Persona 3: Dancing in Moonlight is that game. It creates a perfect facsimile of Dancing All Night’s rhythm game mechanics with support from Persona 3 songs and Persona 3 characters. It replaces Dancing All Night’s dedicated story mode with sixty-four brief vignettes loaded with fan service, reproducing Persona’s fondness for visual novel storytelling but withdrawing from any attempt to create forward progress with its characters. Dancing in Moonlight is a vaguely familiar entity that really, aggressively wants to be friends with you, the Persona 3 fan. You’re suspicious, and yet you’re having a good time. What does this mean?

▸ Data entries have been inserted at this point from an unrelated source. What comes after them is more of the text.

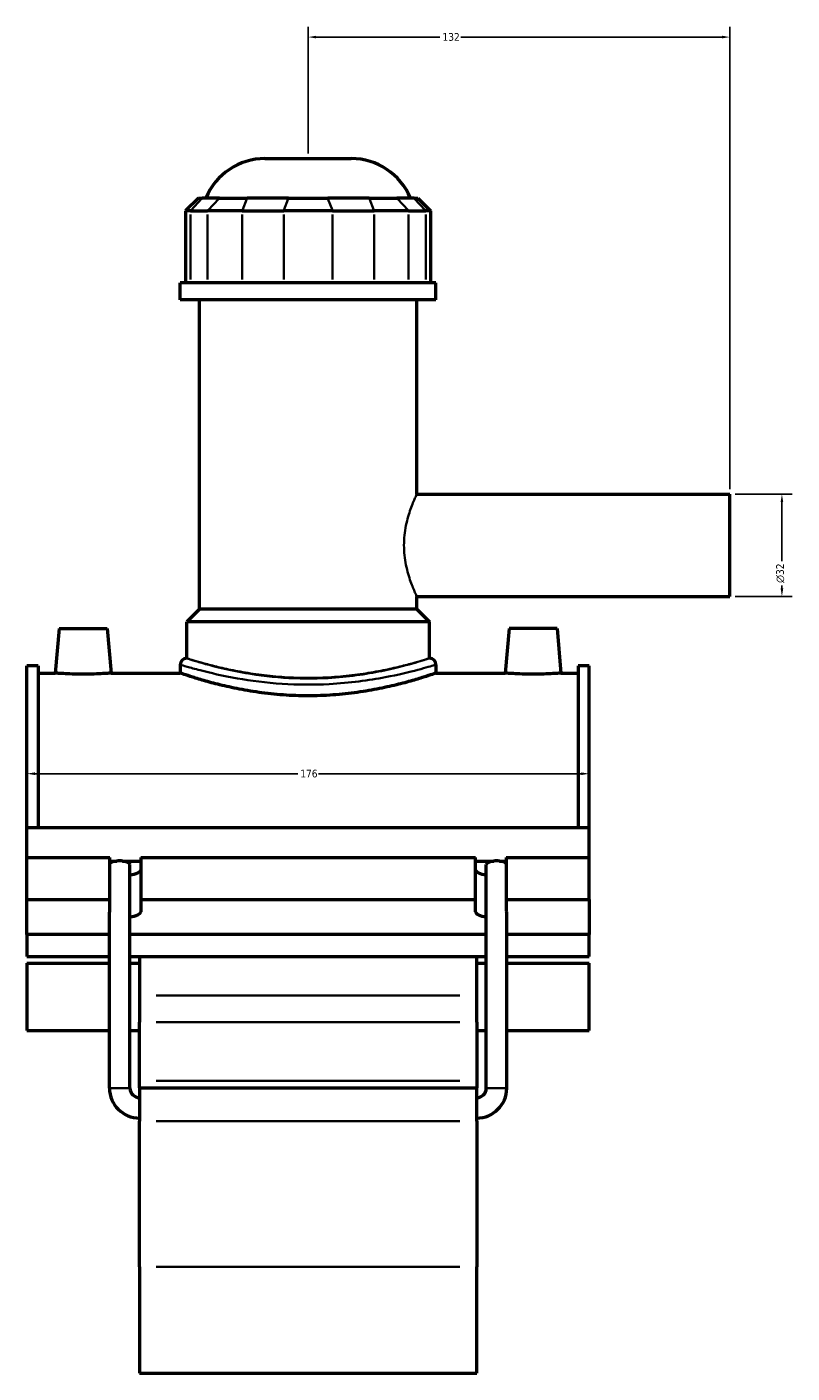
# Model space of a CAD drawing. Header units: millimetres. Extents: x -270 to 990, y -132 to 1179.
# Tile 2 of 7: x -270 to -31, y 237 to 658. Entities that reach past the tile are written whole.
import ezdxf

# ---------------------------------------------------------------- set-up
doc = ezdxf.new("R2010")
doc.units = ezdxf.units.MM
for name, color, linetype, lineweight in [('Dimension (ANSI)', 7, 'Continuous', 25), ('Visible (ANSI)', 7, 'Continuous', 50), ('Visible Narrow (ANSI)', 7, 'Continuous', 35)]:
    doc.layers.add(name, color=color, linetype=linetype, lineweight=lineweight)
doc.styles.add('Note Text (ANSI)', font='tahoma.ttf')
doc.dimstyles.new('Default - mm (ANSI)', dxfattribs={"dimtxt": 2.4, "dimasz": 2.5, "dimexe": 3.175, "dimexo": 1.6002, "dimgap": 0.8, "dimtad": 0, "dimtoh": 1, "dimdec": 0, "dimrnd": 1e-08, "dimzin": 4, "dimdsep": 46, "dimtxsty": 'Note Text (ANSI)', "dimcen": 0.09, "dimdle": 10, "dimclrd": 256, "dimclre": 256, "dimclrt": 5, "dimadec": 1, "dimazin": 1, "dimtfac": 1.27, "dimtofl": 0, "dimtmove": 0, "dimatfit": 3, "dimfxl": 1, "dimtolj": 1, "dimtzin": 4, "dimlwd": -1, "dimlwe": -1, "dimarcsym": 0})

# ---------------------------------------------------------------- blocks, each defined once
blk = doc.blocks.new('*D7')
at = {"layer": 'Defpoints', "color": 0, "transparency": 16777216}
for p in [(-269.95, 425.32), (-93.95, 425.32), (-93.95, 424.83)]:
    blk.add_point(p, dxfattribs=at)
at = {"layer": 'Dimension (ANSI)', "transparency": 16777216}
for p, q in [((-267.45, 424.83), (-185.21, 424.83)), ((-96.45, 424.83), (-178.68, 424.83))]:
    blk.add_line(p, q, dxfattribs=at)
for points in [[(-267.45, 425.25), (-267.45, 424.41), (-269.95, 424.83)], [(-96.45, 425.25), (-96.45, 424.41), (-93.95, 424.83)]]:
    blk.add_solid(points, dxfattribs=at)
at = {"layer": 'Dimension (ANSI)', "color": 5, "transparency": 16777216, "insert": (-184.41, 426.08), "char_height": 2.4, "attachment_point": 1, "style": 'Note Text (ANSI)'}
blk.add_mtext('\\A1;176', dxfattribs=at)
blk = doc.blocks.new('*D8')
at = {"layer": 'Defpoints', "color": 0, "transparency": 16777216}
for p in [(-181.95, 655.3), (-181.95, 617.3), (-49.95, 512.3)]:
    blk.add_point(p, dxfattribs=at)
at = {"layer": 'Dimension (ANSI)', "transparency": 16777216}
for p, q in [((-181.95, 618.9), (-181.95, 658.48)), ((-49.95, 513.9), (-49.95, 658.48)), ((-179.45, 655.3), (-140.7, 655.3)), ((-52.45, 655.3), (-134.2, 655.3))]:
    blk.add_line(p, q, dxfattribs=at)
for points in [[(-179.45, 655.72), (-179.45, 654.89), (-181.95, 655.3)], [(-52.45, 655.72), (-52.45, 654.89), (-49.95, 655.3)]]:
    blk.add_solid(points, dxfattribs=at)
at = {"layer": 'Dimension (ANSI)', "color": 5, "transparency": 16777216, "insert": (-139.9, 656.55), "char_height": 2.4, "attachment_point": 1, "style": 'Note Text (ANSI)'}
blk.add_mtext('\\A1;132', dxfattribs=at)
blk = doc.blocks.new('*D9')
at = {"layer": 'Defpoints', "color": 0, "transparency": 16777216}
for p in [(-49.95, 512.3), (-49.95, 480.3), (-33.68, 480.3)]:
    blk.add_point(p, dxfattribs=at)
at = {"layer": 'Dimension (ANSI)', "transparency": 16777216}
for p, q in [((-48.35, 512.3), (-30.5, 512.3)), ((-33.68, 509.8), (-33.68, 491.37)), ((-48.35, 480.3), (-30.5, 480.3)), ((-33.68, 482.8), (-33.68, 483.72))]:
    blk.add_line(p, q, dxfattribs=at)
for points in [[(-34.09, 509.8), (-33.26, 509.8), (-33.68, 512.3)], [(-34.09, 482.8), (-33.26, 482.8), (-33.68, 480.3)]]:
    blk.add_solid(points, dxfattribs=at)
at = {"layer": 'Dimension (ANSI)', "color": 5, "transparency": 16777216, "insert": (-35.48, 484.52), "char_height": 2.4, "attachment_point": 1, "rotation": 90, "style": 'Note Text (ANSI)'}
blk.add_mtext('\\A1;{\\fAIGDT|b0|i0;\\H2.4000;\\ln}\\fTahoma|b0|i0;\\H2.4000;32', dxfattribs=at)

msp = doc.modelspace()

# ---------------------------------------------------------------- linework, layer by layer
at = {"layer": 'Visible (ANSI)'}
for p, q in [((-195.45, 617.3), (-168.44, 617.3)), ((-216.3, 604.91), (-220.3, 600.91)), ((-216.3, 604.91), (-215.08, 604.91)), ((-209.71, 604.91), (-215.08, 604.91)), ((-209.71, 604.91), (-201.05, 604.91)), ((-188.07, 604.91), (-201.05, 604.91)), ((-188.07, 604.91), (-175.82, 604.91)), ((-162.85, 604.91), (-175.82, 604.91)), ((-162.85, 604.91), (-154.19, 604.91)), ((-148.81, 604.91), (-154.19, 604.91)), ((-148.81, 604.91), (-147.6, 604.91)), ((-147.6, 604.91), (-143.6, 600.91)), ((-218.78, 600.91), (-220.3, 600.91)), ((-220.3, 600.91), (-220.3, 578.36)), ((-218.78, 600.91), (-213.4, 600.91)), ((-202.58, 600.91), (-213.4, 600.91)), ((-202.58, 600.91), (-189.6, 600.91)), ((-174.29, 600.91), (-189.6, 600.91)), ((-174.29, 600.91), (-161.32, 600.91)), ((-150.49, 600.91), (-161.32, 600.91)), ((-150.49, 600.91), (-145.12, 600.91)), ((-143.6, 600.91), (-145.12, 600.91)), ((-143.6, 600.91), (-143.6, 578.36)), ((-141.95, 578.36), (-221.95, 578.36)), ((-221.95, 573.05), (-221.95, 578.36)), ((-141.95, 573.05), (-141.95, 578.36)), ((-141.95, 573.05), (-221.95, 573.05)), ((-215.95, 476.3), (-215.95, 573.05)), ((-147.95, 512.3), (-147.95, 573.05)), ((-147.95, 512.3), (-49.95, 512.3)), ((-49.95, 480.3), (-49.95, 512.3)), ((-147.95, 476.3), (-147.95, 480.3)), ((-147.95, 480.3), (-49.95, 480.3)), ((-215.95, 476.3), (-219.95, 472.3)), ((-147.95, 476.3), (-215.95, 476.3)), ((-147.95, 476.3), (-143.95, 472.3)), ((-143.95, 472.3), (-219.95, 472.3)), ((-219.95, 460.94), (-219.95, 472.3)), ((-143.95, 460.94), (-143.95, 472.3)), ((-259.85, 470.3), (-261.07, 456.3)), ((-259.85, 470.3), (-244.85, 470.3)), ((-244.85, 470.3), (-243.62, 456.3)), ((-119.05, 470.3), (-120.27, 456.3)), ((-104.05, 470.3), (-119.05, 470.3)), ((-104.05, 470.3), (-102.82, 456.3)), ((-269.95, 408.03), (-269.95, 458.62)), ((-266.43, 458.62), (-269.95, 458.62)), ((-266.43, 458.62), (-266.43, 408.03)), ((-266.43, 456.3), (-261.07, 456.3)), ((-243.62, 456.3), (-221.95, 456.3)), ((-221.95, 458.94), (-221.95, 456.3)), ((-141.95, 458.94), (-141.95, 456.3)), ((-141.95, 456.3), (-120.27, 456.3)), ((-102.82, 456.3), (-97.47, 456.3)), ((-97.47, 458.62), (-97.47, 408.03)), ((-93.95, 458.62), (-97.47, 458.62)), ((-93.95, 408.03), (-93.95, 458.62)), ((-269.95, 408.03), (-93.95, 408.03)), ((-269.95, 398.6), (-269.95, 408.03)), ((-93.95, 398.6), (-93.95, 408.03)), ((-269.95, 398.6), (-243.95, 398.6)), ((-269.95, 385.45), (-269.95, 398.6)), ((-243.95, 385.45), (-243.95, 398.6)), ((-243.95, 397.51), (-241.8, 397.51)), ((-240.02, 397.51), (-234.35, 397.51)), ((-237.71, 326.46), (-237.71, 396.39)), ((-234.35, 398.6), (-234.35, 385.45)), ((-234.35, 398.6), (-129.55, 398.6)), ((-129.55, 385.45), (-129.55, 398.6)), ((-129.55, 397.51), (-123.88, 397.51)), ((-126.19, 326.46), (-126.19, 396.39)), ((-122.1, 397.51), (-119.95, 397.51)), ((-119.95, 398.6), (-119.95, 385.45)), ((-119.95, 398.6), (-93.95, 398.6)), ((-93.95, 385.45), (-93.95, 398.6)), ((-269.95, 385.45), (-243.95, 385.45)), ((-269.95, 374.5), (-269.95, 385.45)), ((-243.95, 381.86), (-243.95, 385.45)), ((-234.35, 385.45), (-234.35, 381.62)), ((-234.35, 385.45), (-129.55, 385.45)), ((-129.55, 381.62), (-129.55, 385.45)), ((-119.95, 385.45), (-119.95, 381.86)), ((-119.95, 385.45), (-93.95, 385.45)), ((-93.95, 385.45), (-93.95, 374.5)), ((-244.11, 326.46), (-244.11, 381.49)), ((-119.79, 326.46), (-119.79, 381.49)), ((-244.11, 374.5), (-269.95, 374.5)), ((-269.95, 374.5), (-269.95, 367.67)), ((-126.19, 374.5), (-237.71, 374.5)), ((-93.95, 374.5), (-119.79, 374.5)), ((-93.95, 367.67), (-93.95, 374.5)), ((-269.95, 367.67), (-244.11, 367.67)), ((-237.71, 367.67), (-126.19, 367.67)), ((-234.75, 367.67), (-234.75, 355.42)), ((-129.15, 355.42), (-129.15, 367.67)), ((-119.79, 367.67), (-93.95, 367.67)), ((-269.95, 365.53), (-269.95, 344.45)), ((-269.95, 365.53), (-244.11, 365.53)), ((-237.71, 365.53), (-234.75, 365.53)), ((-129.15, 365.53), (-126.19, 365.53)), ((-119.79, 365.53), (-93.95, 365.53)), ((-93.95, 344.45), (-93.95, 365.53)), ((-234.75, 355.42), (-234.75, 347.11)), ((-129.15, 347.11), (-129.15, 355.42)), ((-234.75, 328.77), (-234.75, 347.11)), ((-129.15, 347.11), (-129.15, 328.77)), ((-269.95, 344.45), (-244.11, 344.45)), ((-237.71, 344.45), (-234.75, 344.45)), ((-129.15, 344.45), (-126.19, 344.45)), ((-119.79, 344.45), (-93.95, 344.45)), ((-234.75, 326.5), (-234.75, 328.77)), ((-129.15, 328.77), (-129.15, 326.5)), ((-234.75, 326.5), (-234.75, 316.1)), ((-234.75, 326.5), (-129.15, 326.5)), ((-129.15, 316.1), (-129.15, 326.5)), ((-234.75, 270.53), (-234.75, 316.1)), ((-129.15, 316.1), (-129.15, 270.53)), ((-234.75, 270.53), (-234.75, 237.3)), ((-129.15, 237.3), (-129.15, 270.53)), ((-234.75, 237.3), (-129.15, 237.3))]:
    msp.add_line(p, q, dxfattribs=at)
for centre, radius, start, end in [((-195.45, 597.3), 20, 90, 157.6353), ((-168.44, 597.3), 20, 22.3647, 90), ((-219.95, 458.94), 2, 90, 180), ((-143.95, 458.94), 2, 0, 90), ((-234.75, 326.46), 9.36, 180, 270), ((-234.75, 326.46), 2.96, 180, 270), ((-129.15, 326.46), 9.36, 270, 0), ((-129.15, 326.46), 2.96, 270, 0)]:
    msp.add_arc(centre, radius, start, end, dxfattribs=at)
for centre, major_axis, ratio, start_param, end_param in [((-240.91, 396.39), (3.2, 0), 0.36397, 1.853028, 2.824032), ((-240.91, 396.39), (-3.2, 0), 0.36397, 4.430157, 4.994621), ((-240.91, 396.39), (3.2, 0), 0.36397, 0, 1.288564), ((-122.99, 396.39), (3.2, 0), 0.36397, 1.853028, 3.141593), ((-122.99, 396.39), (-3.2, 0), 0.36397, 4.430157, 4.994621), ((-122.99, 396.39), (3.2, 0), 0.36397, 0.31756, 1.288564), ((-239.15, 394.77), (4.8, 0), 0.34202, 5.017082, 6.283185), ((-124.75, 394.77), (-4.8, 0), 0.34202, 0, 1.266104), ((-240.91, 381.49), (3.2, 0), 0.36397, 2.824032, 3.141593), ((-239.15, 381.62), (4.8, 0), 0.34202, 5.017082, 6.283185), ((-124.75, 381.62), (-4.8, 0), 0.34202, 0, 1.266104), ((-122.99, 381.49), (3.2, 0), 0.36397, 0, 0.31756)]:
    msp.add_ellipse(centre, major_axis=major_axis, ratio=ratio, start_param=start_param, end_param=end_param, dxfattribs=at)
for points, knots in [([(-243.62, 456.3), (-243.62, 456.3), (-243.84, 456.29), (-244.73, 456.22), (-245.4, 456.18), (-246.94, 456.1), (-247.92, 456.05), (-250.08, 455.99), (-251.25, 455.97), (-253.45, 455.97), (-254.62, 455.99), (-256.77, 456.05), (-257.75, 456.1), (-259.3, 456.18), (-259.97, 456.22), (-260.85, 456.29), (-261.07, 456.3), (-261.07, 456.3)], [1.317332, 1.317332, 1.317332, 1.317332, 1.646255, 1.646255, 1.975177, 1.975177, 2.304921, 2.304921, 2.634664, 2.634664, 2.964122, 2.964122, 3.29358, 3.29358, 3.622788, 3.622788, 3.951996, 3.951996, 3.951996, 3.951996]), ([(-141.95, 456.3), (-141.95, 456.3), (-142.19, 456.22), (-143.21, 455.87), (-143.99, 455.61), (-146.04, 454.95), (-147.31, 454.56), (-150.24, 453.7), (-151.9, 453.24), (-155.43, 452.36), (-157.42, 451.9), (-161.77, 451.02), (-164.12, 450.61), (-169.04, 449.92), (-171.61, 449.65), (-176.8, 449.28), (-179.41, 449.19), (-184.48, 449.19), (-187.1, 449.28), (-192.28, 449.65), (-194.85, 449.92), (-199.77, 450.61), (-202.13, 451.02), (-206.47, 451.9), (-208.47, 452.36), (-212, 453.24), (-213.65, 453.7), (-216.58, 454.56), (-217.85, 454.95), (-219.9, 455.61), (-220.68, 455.87), (-221.7, 456.22), (-221.95, 456.3), (-221.95, 456.3)], [6.081377, 6.081377, 6.081377, 6.081377, 6.841346, 6.841346, 7.601315, 7.601315, 8.361283, 8.361283, 9.121252, 9.121252, 9.881628, 9.881628, 10.642003, 10.642003, 11.402379, 11.402379, 12.162755, 12.162755, 12.923131, 12.923131, 13.683506, 13.683506, 14.443882, 14.443882, 15.204258, 15.204258, 15.964226, 15.964226, 16.724195, 16.724195, 17.484164, 17.484164, 18.244132, 18.244132, 18.244132, 18.244132]), ([(-102.82, 456.3), (-102.82, 456.3), (-103.04, 456.29), (-103.93, 456.22), (-104.6, 456.18), (-106.15, 456.1), (-107.13, 456.05), (-109.28, 455.99), (-110.45, 455.97), (-111.55, 455.97), (-112.65, 455.97), (-113.82, 455.99), (-115.97, 456.05), (-116.95, 456.1), (-118.5, 456.18), (-119.17, 456.22), (-120.05, 456.29), (-120.27, 456.3), (-120.27, 456.3)], [3.951996, 3.951996, 3.951996, 3.951996, 4.281204, 4.281204, 4.610412, 4.610412, 4.93987, 4.93987, 5.269327, 5.269327, 5.269327, 5.599071, 5.599071, 5.928814, 5.928814, 6.257737, 6.257737, 6.586659, 6.586659, 6.586659, 6.586659])]:
    msp.add_open_spline(points, degree=3, knots=knots, dxfattribs=at)
at = {"layer": 'Visible Narrow (ANSI)'}
for p, q in [((-215.27, 604.71), (-218.59, 601.11)), ((-213.22, 601.11), (-209.89, 604.71)), ((-201.12, 604.71), (-202.5, 601.11)), ((-188.15, 604.71), (-189.52, 601.11)), ((-175.75, 604.71), (-174.37, 601.11)), ((-162.77, 604.71), (-161.39, 601.11)), ((-154, 604.71), (-150.68, 601.11)), ((-148.63, 604.71), (-145.3, 601.11)), ((-218.78, 579.49), (-218.78, 599.78)), ((-213.4, 599.78), (-213.4, 579.49)), ((-202.58, 579.49), (-202.58, 599.78)), ((-189.6, 599.78), (-189.6, 579.49)), ((-174.29, 579.49), (-174.29, 599.78)), ((-161.32, 599.78), (-161.32, 579.49)), ((-150.49, 579.49), (-150.49, 599.78)), ((-145.12, 599.78), (-145.12, 579.49)), ((-134.43, 355.42), (-229.47, 355.42)), ((-229.47, 347.11), (-134.43, 347.11)), ((-229.47, 328.77), (-134.43, 328.77)), ((-237.75, 326.46), (-244.07, 326.46)), ((-126.15, 326.46), (-119.83, 326.46)), ((-229.47, 316.1), (-134.43, 316.1)), ((-229.47, 270.53), (-134.43, 270.53))]:
    msp.add_line(p, q, dxfattribs=at)
for points, knots in [([(-147.95, 480.3), (-147.95, 480.3), (-147.99, 480.4), (-148.19, 480.81), (-148.33, 481.13), (-148.69, 481.95), (-148.91, 482.46), (-149.38, 483.63), (-149.64, 484.29), (-150.38, 486.39), (-150.92, 488.17), (-151.52, 491.12), (-151.68, 492.15), (-151.89, 494.23), (-151.95, 495.28), (-151.95, 497.33), (-151.89, 498.38), (-151.68, 500.46), (-151.52, 501.49), (-150.92, 504.43), (-150.38, 506.21), (-149.64, 508.32), (-149.38, 508.98), (-148.91, 510.15), (-148.69, 510.66), (-148.33, 511.48), (-148.19, 511.79), (-147.99, 512.2), (-147.95, 512.3), (-147.95, 512.3)], [2.453724, 2.453724, 2.453724, 2.453724, 2.760121, 2.760121, 3.066519, 3.066519, 3.372916, 3.372916, 3.679314, 3.679314, 4.29338, 4.29338, 4.600414, 4.600414, 4.907447, 4.907447, 5.214481, 5.214481, 5.521514, 5.521514, 6.135581, 6.135581, 6.441979, 6.441979, 6.748376, 6.748376, 7.054773, 7.054773, 7.361171, 7.361171, 7.361171, 7.361171]), ([(-143.95, 460.94), (-143.95, 460.94), (-144.12, 460.89), (-145.23, 460.53), (-146.9, 459.99), (-151.83, 458.59), (-155.14, 457.73), (-163.86, 455.96), (-169.6, 455.11), (-180.28, 454.5), (-185.07, 454.54), (-194.42, 455.19), (-198.95, 455.82), (-207.38, 457.39), (-211.16, 458.35), (-215.62, 459.6), (-216.93, 459.99), (-218.86, 460.59), (-219.49, 460.79), (-219.89, 460.92), (-219.95, 460.94), (-219.95, 460.94)], [18.231106, 18.231106, 18.231106, 18.231106, 18.858795, 18.858795, 20.308283, 20.308283, 21.806105, 21.806105, 23.667527, 23.667527, 25.095332, 25.095332, 26.569808, 26.569808, 28.198653, 28.198653, 29.118358, 29.118358, 30.015224, 30.015224, 30.38518, 30.38518, 30.38518, 30.38518]), ([(-143.95, 460.94), (-143.95, 460.94), (-144.18, 460.87), (-145.15, 460.57), (-145.89, 460.34), (-147.83, 459.77), (-149.04, 459.43), (-151.82, 458.69), (-153.4, 458.3), (-156.76, 457.53), (-158.65, 457.13), (-162.78, 456.38), (-165.02, 456.02), (-169.7, 455.43), (-172.14, 455.19), (-177.06, 454.88), (-179.54, 454.8), (-184.35, 454.8), (-186.83, 454.88), (-191.75, 455.19), (-194.2, 455.43), (-198.87, 456.02), (-201.11, 456.38), (-205.24, 457.13), (-207.14, 457.53), (-210.49, 458.3), (-212.07, 458.69), (-214.86, 459.43), (-216.06, 459.77), (-218.01, 460.34), (-218.75, 460.57), (-219.72, 460.87), (-219.95, 460.94), (-219.95, 460.94)], [5.768305, 5.768305, 5.768305, 5.768305, 6.489211, 6.489211, 7.210118, 7.210118, 7.931024, 7.931024, 8.651931, 8.651931, 9.3731, 9.3731, 10.09427, 10.09427, 10.81544, 10.81544, 11.53661, 11.53661, 12.25778, 12.25778, 12.97895, 12.97895, 13.70012, 13.70012, 14.42129, 14.42129, 15.142196, 15.142196, 15.863102, 15.863102, 16.584009, 16.584009, 17.304915, 17.304915, 17.304915, 17.304915]), ([(-221.95, 458.94), (-221.95, 458.94), (-221.89, 458.92), (-221.46, 458.8), (-220.8, 458.59), (-218.77, 458.01), (-217.39, 457.62), (-212.7, 456.39), (-208.71, 455.45), (-199.84, 453.9), (-195.08, 453.28), (-185.24, 452.64), (-180.19, 452.61), (-168.95, 453.21), (-162.91, 454.04), (-153.73, 455.78), (-150.24, 456.63), (-145.05, 458.01), (-143.3, 458.54), (-142.13, 458.89), (-141.95, 458.94), (-141.95, 458.94)], [-30.38518, -30.38518, -30.38518, -30.38518, -30.015224, -30.015224, -29.118358, -29.118358, -28.198653, -28.198653, -26.569808, -26.569808, -25.095332, -25.095332, -23.667527, -23.667527, -21.806105, -21.806105, -20.308283, -20.308283, -18.858795, -18.858795, -18.231106, -18.231106, -18.231106, -18.231106])]:
    msp.add_open_spline(points, degree=3, knots=knots, dxfattribs=at)

# ---------------------------------------------------------------- dimensions: what is measured, and where the dimension line sits
at = {"layer": 'Dimension (ANSI)'}
for base, p1, p2, override, picture, middle in [((-181.95, 655.3), (-49.95, 512.3), (-181.95, 617.3), {"dimgap": 0.8, "dimtoh": 0, "dimdec": 0, "dimtol": 0, "dimlim": 0, "dimtp": 0, "dimtm": 0, "dimtdec": 2, "dimatfit": 1}, '*D8', (-137.45, 655.3)), ((-93.95, 424.83), (-269.95, 425.32), (-93.95, 425.32), {"dimgap": 0.8, "dimtoh": 0, "dimdec": 0, "dimse1": 1, "dimse2": 1, "dimtol": 0, "dimlim": 0, "dimtp": 0, "dimtm": 0, "dimtdec": 2, "dimatfit": 1}, '*D7', (-181.95, 424.83))]:
    dim = msp.add_linear_dim(base=base, p1=p1, p2=p2, angle=180, dimstyle='Default - mm (ANSI)', override=override, dxfattribs=at)
    dim.commit()
    dim.dimension.update_dxf_attribs({"geometry": picture, "text_midpoint": middle, "dimtype": 160})
dim = msp.add_linear_dim(base=(-33.68, 480.3), p1=(-49.95, 512.3), p2=(-49.95, 480.3), angle=90, text='{\\fAIGDT|b0|i0;\\H2.4000;\\ln}\\fTahoma|b0|i0;\\H2.4000;<>', dimstyle='Default - mm (ANSI)', override={"dimgap": 0.8, "dimtoh": 0, "dimdec": 0, "dimtol": 0, "dimlim": 0, "dimtp": 0, "dimtm": 0, "dimtdec": 2, "dimatfit": 1}, dxfattribs=at)
dim.commit()
dim.dimension.update_dxf_attribs({"geometry": '*D9', "text_midpoint": (-33.68, 487.55), "dimtype": 160})

doc.saveas('drawing.dxf')

Dancing in Moonlight’s stab at the rhythm genre cuts identically to Dancing All Night. Three points on each side of the screen accept a flow of notes pouring out of the middle of the screen. Three directional buttons and three faces buttons corresponds to each point, rendering Dancing in Moonlight a six button rhythm game. Record scratches, prompted by bright blue bands, provide bonuses points with a flick of the analog stick. It’s a lot of information to keep track of.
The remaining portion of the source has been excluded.